** Problem to solve **
Could you write out every entry exactly as it stands?

** Data records **

====

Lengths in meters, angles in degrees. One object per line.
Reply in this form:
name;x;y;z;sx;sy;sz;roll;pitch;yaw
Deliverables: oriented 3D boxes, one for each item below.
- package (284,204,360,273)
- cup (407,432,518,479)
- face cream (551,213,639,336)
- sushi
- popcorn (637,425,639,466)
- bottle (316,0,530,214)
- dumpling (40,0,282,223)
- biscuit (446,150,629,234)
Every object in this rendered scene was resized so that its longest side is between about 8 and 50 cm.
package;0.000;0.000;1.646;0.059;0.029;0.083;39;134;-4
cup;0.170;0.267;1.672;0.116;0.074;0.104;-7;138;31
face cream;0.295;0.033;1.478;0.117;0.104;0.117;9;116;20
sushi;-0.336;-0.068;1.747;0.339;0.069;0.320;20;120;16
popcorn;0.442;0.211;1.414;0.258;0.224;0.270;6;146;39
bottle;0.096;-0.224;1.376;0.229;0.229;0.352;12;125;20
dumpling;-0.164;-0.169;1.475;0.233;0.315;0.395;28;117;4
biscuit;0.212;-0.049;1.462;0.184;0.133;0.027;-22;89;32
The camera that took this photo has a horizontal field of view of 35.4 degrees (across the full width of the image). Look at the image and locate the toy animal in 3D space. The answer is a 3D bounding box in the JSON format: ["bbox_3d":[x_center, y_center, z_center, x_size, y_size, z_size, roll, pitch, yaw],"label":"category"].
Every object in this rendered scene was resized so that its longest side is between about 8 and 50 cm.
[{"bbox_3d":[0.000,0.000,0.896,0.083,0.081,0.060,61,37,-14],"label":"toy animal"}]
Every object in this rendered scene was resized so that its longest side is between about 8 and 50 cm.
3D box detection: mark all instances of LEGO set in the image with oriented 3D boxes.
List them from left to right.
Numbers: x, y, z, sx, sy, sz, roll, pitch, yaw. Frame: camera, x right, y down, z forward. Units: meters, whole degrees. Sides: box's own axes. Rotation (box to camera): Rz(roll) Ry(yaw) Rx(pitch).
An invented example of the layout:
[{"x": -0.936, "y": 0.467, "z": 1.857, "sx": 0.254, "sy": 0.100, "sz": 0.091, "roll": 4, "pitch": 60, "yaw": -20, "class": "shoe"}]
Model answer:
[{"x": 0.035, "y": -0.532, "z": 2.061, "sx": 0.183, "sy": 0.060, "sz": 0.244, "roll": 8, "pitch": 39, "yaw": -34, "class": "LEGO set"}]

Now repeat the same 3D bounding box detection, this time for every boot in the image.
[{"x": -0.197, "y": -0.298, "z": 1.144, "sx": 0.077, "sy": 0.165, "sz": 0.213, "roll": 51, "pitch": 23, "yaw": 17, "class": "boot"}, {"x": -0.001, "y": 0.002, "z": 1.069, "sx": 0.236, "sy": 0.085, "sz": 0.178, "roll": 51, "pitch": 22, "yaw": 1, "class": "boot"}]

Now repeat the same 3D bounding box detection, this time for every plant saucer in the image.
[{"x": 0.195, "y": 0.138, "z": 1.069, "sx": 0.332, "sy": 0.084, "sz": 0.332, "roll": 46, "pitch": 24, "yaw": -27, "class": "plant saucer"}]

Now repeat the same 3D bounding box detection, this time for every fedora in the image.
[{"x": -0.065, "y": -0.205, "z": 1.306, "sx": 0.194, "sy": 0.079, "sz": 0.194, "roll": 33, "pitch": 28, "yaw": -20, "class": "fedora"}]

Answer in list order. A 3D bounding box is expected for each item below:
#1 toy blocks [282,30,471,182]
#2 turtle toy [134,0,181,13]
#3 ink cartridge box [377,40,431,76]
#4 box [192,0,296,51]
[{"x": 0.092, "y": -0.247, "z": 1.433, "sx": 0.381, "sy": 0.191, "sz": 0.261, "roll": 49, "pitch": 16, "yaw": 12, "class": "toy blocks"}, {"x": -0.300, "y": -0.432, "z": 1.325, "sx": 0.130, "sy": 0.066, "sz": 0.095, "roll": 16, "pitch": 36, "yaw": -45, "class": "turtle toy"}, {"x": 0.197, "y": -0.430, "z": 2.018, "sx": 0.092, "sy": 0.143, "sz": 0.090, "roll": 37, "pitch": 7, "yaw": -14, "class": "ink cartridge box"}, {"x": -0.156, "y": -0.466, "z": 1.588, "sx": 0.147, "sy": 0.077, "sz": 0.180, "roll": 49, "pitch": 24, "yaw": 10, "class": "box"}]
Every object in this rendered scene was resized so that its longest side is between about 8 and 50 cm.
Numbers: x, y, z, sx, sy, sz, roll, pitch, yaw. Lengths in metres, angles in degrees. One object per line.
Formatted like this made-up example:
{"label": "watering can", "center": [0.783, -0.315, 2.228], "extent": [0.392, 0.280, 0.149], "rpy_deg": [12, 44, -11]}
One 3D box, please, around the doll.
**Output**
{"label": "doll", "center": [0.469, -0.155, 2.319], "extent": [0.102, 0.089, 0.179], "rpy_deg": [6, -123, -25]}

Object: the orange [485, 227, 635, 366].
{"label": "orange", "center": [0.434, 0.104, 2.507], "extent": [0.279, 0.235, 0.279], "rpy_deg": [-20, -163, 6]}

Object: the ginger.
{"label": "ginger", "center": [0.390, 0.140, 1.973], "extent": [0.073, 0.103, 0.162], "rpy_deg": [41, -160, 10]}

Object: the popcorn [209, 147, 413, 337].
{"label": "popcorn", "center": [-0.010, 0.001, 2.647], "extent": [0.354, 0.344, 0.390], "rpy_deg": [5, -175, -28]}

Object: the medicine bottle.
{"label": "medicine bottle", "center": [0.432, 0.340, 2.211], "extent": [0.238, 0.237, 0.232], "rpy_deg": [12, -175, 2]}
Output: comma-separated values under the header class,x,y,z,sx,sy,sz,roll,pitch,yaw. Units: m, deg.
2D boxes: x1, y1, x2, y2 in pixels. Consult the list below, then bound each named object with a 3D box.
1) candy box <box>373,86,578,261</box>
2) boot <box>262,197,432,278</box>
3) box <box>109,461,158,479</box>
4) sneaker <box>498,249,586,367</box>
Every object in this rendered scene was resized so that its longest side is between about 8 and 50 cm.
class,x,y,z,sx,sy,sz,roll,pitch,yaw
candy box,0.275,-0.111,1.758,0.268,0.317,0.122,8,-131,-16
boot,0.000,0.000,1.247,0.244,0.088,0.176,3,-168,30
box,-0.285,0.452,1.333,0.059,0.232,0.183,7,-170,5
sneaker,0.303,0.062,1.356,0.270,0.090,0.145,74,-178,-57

====

** Answer below **
Lengths in meters, angles in degrees. One object per line.
Reply in this form:
name;x;y;z;sx;sy;sz;roll;pitch;yaw
Deliverables: oriented 3D boxes, one for each item below.
- package (284,204,360,273)
- cup (407,432,518,479)
- face cream (551,213,639,336)
- sushi
- popcorn (637,425,639,466)
- bottle (316,0,530,214)
- dumpling (40,0,282,223)
- biscuit (446,150,629,234)
Every object in this rendered scene was resized so that its longest side is between about 8 and 50 cm.
package;0.000;0.000;1.646;0.059;0.029;0.083;39;134;-4
cup;0.170;0.267;1.672;0.116;0.074;0.104;-7;138;31
face cream;0.295;0.033;1.478;0.117;0.104;0.117;9;116;20
sushi;-0.336;-0.068;1.747;0.339;0.069;0.320;20;120;16
popcorn;0.442;0.211;1.414;0.258;0.224;0.270;6;146;39
bottle;0.096;-0.224;1.376;0.229;0.229;0.352;12;125;20
dumpling;-0.164;-0.169;1.475;0.233;0.315;0.395;28;117;4
biscuit;0.212;-0.049;1.462;0.184;0.133;0.027;-22;89;32
The camera that took this photo has a horizontal field of view of 35.4 degrees (across the full width of the image). Look at the image and locate the toy animal in 3D space. The answer is a 3D bounding box in the JSON format: ["bbox_3d":[x_center, y_center, z_center, x_size, y_size, z_size, roll, pitch, yaw],"label":"category"].
Every object in this rendered scene was resized so that its longest side is between about 8 and 50 cm.
[{"bbox_3d":[0.000,0.000,0.896,0.083,0.081,0.060,61,37,-14],"label":"toy animal"}]
Every object in this rendered scene was resized so that its longest side is between about 8 and 50 cm.
3D box detection: mark all instances of LEGO set in the image with oriented 3D boxes.
List them from left to right.
Numbers: x, y, z, sx, sy, sz, roll, pitch, yaw. Frame: camera, x right, y down, z forward. Units: meters, whole degrees. Sides: box's own axes. Rotation (box to camera): Rz(roll) Ry(yaw) Rx(pitch).
An invented example of the layout:
[{"x": -0.936, "y": 0.467, "z": 1.857, "sx": 0.254, "sy": 0.100, "sz": 0.091, "roll": 4, "pitch": 60, "yaw": -20, "class": "shoe"}]
Model answer:
[{"x": 0.035, "y": -0.532, "z": 2.061, "sx": 0.183, "sy": 0.060, "sz": 0.244, "roll": 8, "pitch": 39, "yaw": -34, "class": "LEGO set"}]

Now repeat the same 3D bounding box detection, this time for every boot in the image.
[{"x": -0.197, "y": -0.298, "z": 1.144, "sx": 0.077, "sy": 0.165, "sz": 0.213, "roll": 51, "pitch": 23, "yaw": 17, "class": "boot"}, {"x": -0.001, "y": 0.002, "z": 1.069, "sx": 0.236, "sy": 0.085, "sz": 0.178, "roll": 51, "pitch": 22, "yaw": 1, "class": "boot"}]

Now repeat the same 3D bounding box detection, this time for every plant saucer in the image.
[{"x": 0.195, "y": 0.138, "z": 1.069, "sx": 0.332, "sy": 0.084, "sz": 0.332, "roll": 46, "pitch": 24, "yaw": -27, "class": "plant saucer"}]

Now repeat the same 3D bounding box detection, this time for every fedora in the image.
[{"x": -0.065, "y": -0.205, "z": 1.306, "sx": 0.194, "sy": 0.079, "sz": 0.194, "roll": 33, "pitch": 28, "yaw": -20, "class": "fedora"}]

Answer in list order. A 3D bounding box is expected for each item below:
#1 toy blocks [282,30,471,182]
#2 turtle toy [134,0,181,13]
#3 ink cartridge box [377,40,431,76]
#4 box [192,0,296,51]
[{"x": 0.092, "y": -0.247, "z": 1.433, "sx": 0.381, "sy": 0.191, "sz": 0.261, "roll": 49, "pitch": 16, "yaw": 12, "class": "toy blocks"}, {"x": -0.300, "y": -0.432, "z": 1.325, "sx": 0.130, "sy": 0.066, "sz": 0.095, "roll": 16, "pitch": 36, "yaw": -45, "class": "turtle toy"}, {"x": 0.197, "y": -0.430, "z": 2.018, "sx": 0.092, "sy": 0.143, "sz": 0.090, "roll": 37, "pitch": 7, "yaw": -14, "class": "ink cartridge box"}, {"x": -0.156, "y": -0.466, "z": 1.588, "sx": 0.147, "sy": 0.077, "sz": 0.180, "roll": 49, "pitch": 24, "yaw": 10, "class": "box"}]
Every object in this rendered scene was resized so that its longest side is between about 8 and 50 cm.
Numbers: x, y, z, sx, sy, sz, roll, pitch, yaw. Lengths in metres, angles in degrees. One object per line.
Formatted like this made-up example:
{"label": "watering can", "center": [0.783, -0.315, 2.228], "extent": [0.392, 0.280, 0.149], "rpy_deg": [12, 44, -11]}
One 3D box, please, around the doll.
**Output**
{"label": "doll", "center": [0.469, -0.155, 2.319], "extent": [0.102, 0.089, 0.179], "rpy_deg": [6, -123, -25]}

Object: the orange [485, 227, 635, 366].
{"label": "orange", "center": [0.434, 0.104, 2.507], "extent": [0.279, 0.235, 0.279], "rpy_deg": [-20, -163, 6]}

Object: the ginger.
{"label": "ginger", "center": [0.390, 0.140, 1.973], "extent": [0.073, 0.103, 0.162], "rpy_deg": [41, -160, 10]}

Object: the popcorn [209, 147, 413, 337].
{"label": "popcorn", "center": [-0.010, 0.001, 2.647], "extent": [0.354, 0.344, 0.390], "rpy_deg": [5, -175, -28]}

Object: the medicine bottle.
{"label": "medicine bottle", "center": [0.432, 0.340, 2.211], "extent": [0.238, 0.237, 0.232], "rpy_deg": [12, -175, 2]}
Output: comma-separated values under the header class,x,y,z,sx,sy,sz,roll,pitch,yaw. Units: m, deg.
2D boxes: x1, y1, x2, y2 in pixels. Consult the list below, then bound each named object with a 3D box.
1) candy box <box>373,86,578,261</box>
2) boot <box>262,197,432,278</box>
3) box <box>109,461,158,479</box>
4) sneaker <box>498,249,586,367</box>
Every object in this rendered scene was resized so that its longest side is between about 8 and 50 cm.
class,x,y,z,sx,sy,sz,roll,pitch,yaw
candy box,0.275,-0.111,1.758,0.268,0.317,0.122,8,-131,-16
boot,0.000,0.000,1.247,0.244,0.088,0.176,3,-168,30
box,-0.285,0.452,1.333,0.059,0.232,0.183,7,-170,5
sneaker,0.303,0.062,1.356,0.270,0.090,0.145,74,-178,-57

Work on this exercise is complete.